Highlights
- A 2026 Energy Policy study finds China's rare earth export volumes respond differently to oil price uncertainty depending on global conditions:
- Contracting during COVID-era disruptions
- Expanding during geopolitical conflicts like Russia–Ukraine
- Using bootstrap rolling-window Granger causality on 2012–2024 data, researchers show the relationship is time-varying and bidirectional, meaning rare earth export changes can also predict oil market volatility.
- For supply chain managers, the findings underscore that energy volatility and geopolitical shocks create regime-specific rare earth export risks, especially critical given China's ~90% processing monopoly in separation and magnets.
A January 2026 paper (opens in a new tab) in Energy Policy by Zhengzheng Li and Shenyu Liu, with Oana-Ramona Lobonț, asks a timely question: when oil markets become unpredictable, does China’s rare earth export behavior act like an accelerator—or a brake? Using monthly data (2012–July 2024), the authors report a time-varying relationship: oil price uncertainty sometimes coincides with higher Chinese rare earth export volumes, and sometimes with lower volumes—depending on the global regime (pandemic vs. conflict-driven shocks).
The authors are affiliated with the School of Economics, Qingdao University, Qingdao, China, City University of Macau, Macau, as well as West University of Timisoara, Timisoara, Romania.
Study Method
The team uses a bootstrap rolling-window Granger causality framework. Translation: they repeatedly test whether past movements in an “oil uncertainty” index help predict changes in China’s rare earth export amount (and vice versa), while allowing the relationship to change over time instead of assuming one fixed link for the whole decade. IDEAS/RePEc+1 (opens in a new tab)
Their “oil price uncertainty (OPU)” measure is drawn from a well-known news-text-based approach (built from article counts across major newspapers).
Key Findings: Two Worlds, Two Directions
1) Pandemic era = uncertainty chills exports.
The paper finds a negative relationship during a COVID-era window (mid-2020): oil uncertainty rose while rare earth exports weakened—consistent with investment pullbacks and disrupted industrial activity.
2) Conflict era = uncertainty elevates “strategic materials.”
From mid-2022 into mid-2024, the study reports a positive relationship, arguing that geopolitical shocks (e.g., Russia–Ukraine; Israel–Hamas) raised both oil uncertainty and the perceived strategic value of rare earths—supporting higher export volumes in parts of that period.
3) Feedback loop—rare earth exports can predict oil uncertainty, too.
The authors also report windows where changes in export volumes appear to “Granger-cause” shifts in oil uncertainty, except during certain U.S.–China tension periods.
Why REEx Readers Should Care: The Processing Monopolist Still Has a Volume Lever
This study matters because China is not just a miner—it is the system’s processing choke point, often estimated at approximately 90% of separation/processing and similarly dominant in magnets.

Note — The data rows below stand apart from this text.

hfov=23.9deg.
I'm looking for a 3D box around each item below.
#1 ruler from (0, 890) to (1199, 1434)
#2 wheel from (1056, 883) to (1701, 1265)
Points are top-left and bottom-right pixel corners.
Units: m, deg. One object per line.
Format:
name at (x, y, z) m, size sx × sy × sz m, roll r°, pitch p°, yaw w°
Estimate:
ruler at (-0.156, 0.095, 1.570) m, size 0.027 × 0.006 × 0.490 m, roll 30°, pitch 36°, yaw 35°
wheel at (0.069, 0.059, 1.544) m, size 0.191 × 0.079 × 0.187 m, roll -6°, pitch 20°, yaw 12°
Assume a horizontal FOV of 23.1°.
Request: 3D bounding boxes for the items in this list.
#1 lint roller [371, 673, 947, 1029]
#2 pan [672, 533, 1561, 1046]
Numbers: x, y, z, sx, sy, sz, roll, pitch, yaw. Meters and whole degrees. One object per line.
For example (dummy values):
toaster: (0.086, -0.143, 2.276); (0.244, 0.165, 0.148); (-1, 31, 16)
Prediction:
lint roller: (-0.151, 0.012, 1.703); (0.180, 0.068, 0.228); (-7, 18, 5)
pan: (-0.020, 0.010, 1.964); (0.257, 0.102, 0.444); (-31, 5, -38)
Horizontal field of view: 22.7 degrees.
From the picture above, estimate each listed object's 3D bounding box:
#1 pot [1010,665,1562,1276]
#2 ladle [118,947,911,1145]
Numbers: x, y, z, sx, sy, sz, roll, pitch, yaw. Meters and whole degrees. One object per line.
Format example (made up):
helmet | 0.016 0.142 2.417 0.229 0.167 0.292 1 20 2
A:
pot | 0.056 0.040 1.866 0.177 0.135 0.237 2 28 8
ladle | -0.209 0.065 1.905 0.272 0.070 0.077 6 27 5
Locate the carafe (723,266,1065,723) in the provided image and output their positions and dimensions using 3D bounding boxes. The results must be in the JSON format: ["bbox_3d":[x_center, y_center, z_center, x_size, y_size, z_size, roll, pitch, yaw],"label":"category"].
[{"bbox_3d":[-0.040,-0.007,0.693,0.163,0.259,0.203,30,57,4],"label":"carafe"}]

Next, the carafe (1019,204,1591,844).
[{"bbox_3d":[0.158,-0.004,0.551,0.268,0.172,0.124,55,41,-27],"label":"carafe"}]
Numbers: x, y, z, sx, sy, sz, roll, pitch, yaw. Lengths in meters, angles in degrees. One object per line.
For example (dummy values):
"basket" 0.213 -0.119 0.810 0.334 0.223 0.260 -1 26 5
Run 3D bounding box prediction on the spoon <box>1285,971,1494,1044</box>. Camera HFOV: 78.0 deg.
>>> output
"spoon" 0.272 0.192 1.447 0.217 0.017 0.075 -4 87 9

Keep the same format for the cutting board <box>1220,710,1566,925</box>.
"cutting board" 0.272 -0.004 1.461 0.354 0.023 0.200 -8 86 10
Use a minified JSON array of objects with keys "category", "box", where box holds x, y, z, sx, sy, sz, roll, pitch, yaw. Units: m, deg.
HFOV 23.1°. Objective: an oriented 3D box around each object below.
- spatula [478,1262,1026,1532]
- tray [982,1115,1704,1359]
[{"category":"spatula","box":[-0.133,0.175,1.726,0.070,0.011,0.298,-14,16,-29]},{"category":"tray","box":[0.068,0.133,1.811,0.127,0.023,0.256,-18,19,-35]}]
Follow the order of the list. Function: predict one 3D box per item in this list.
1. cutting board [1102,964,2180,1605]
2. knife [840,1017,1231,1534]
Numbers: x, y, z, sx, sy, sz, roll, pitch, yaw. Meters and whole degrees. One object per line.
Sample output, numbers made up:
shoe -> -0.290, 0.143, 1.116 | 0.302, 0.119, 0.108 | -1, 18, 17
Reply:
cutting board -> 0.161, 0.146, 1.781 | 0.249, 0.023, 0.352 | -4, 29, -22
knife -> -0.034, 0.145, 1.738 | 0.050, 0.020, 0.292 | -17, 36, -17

If exports move with oil uncertainty in regime-specific ways, then “energy volatility” becomes another variable that can amplify downstream pricing risk—especially for EVs, wind, robotics, and defense supply chains.
Limitations and the Controversy Zone
- Granger causality is not true causation. It shows predictive timing, not proof that oil uncertainty causes export decisions (policy, quotas, enforcement, inventories, and industrial demand can drive both).
- Exports are measured as “amount,” not product mix. Volume can rise while value or criticality falls (light vs. heavy REEs; oxides vs. magnets).
- Narrative attribution is partly interpretive. Linking specific conflicts to specific export behaviors can drift into post-hoc storytelling unless independently validated against policy documents and customs microdata.
Bottom Line
The paper’s core contribution is not a single headline result—it’s the warning that rare earth export behavior is regime-dependent, and oil-market turbulence may coincide with meaningful shifts in China’s export “dial.” For investors, that is one more reason to model rare earth risk as a geopolitical-energy-finance bundle, not a standalone commodity chart.
Citation: Li, Z., Liu, S., & Lobonț, O-R. (2026). Oil price uncertainty and China’s rare earth exports: Driver or constraint? Energy Policy, 208, 114890. DOI: 10.1016/j.enpol.2025.114890.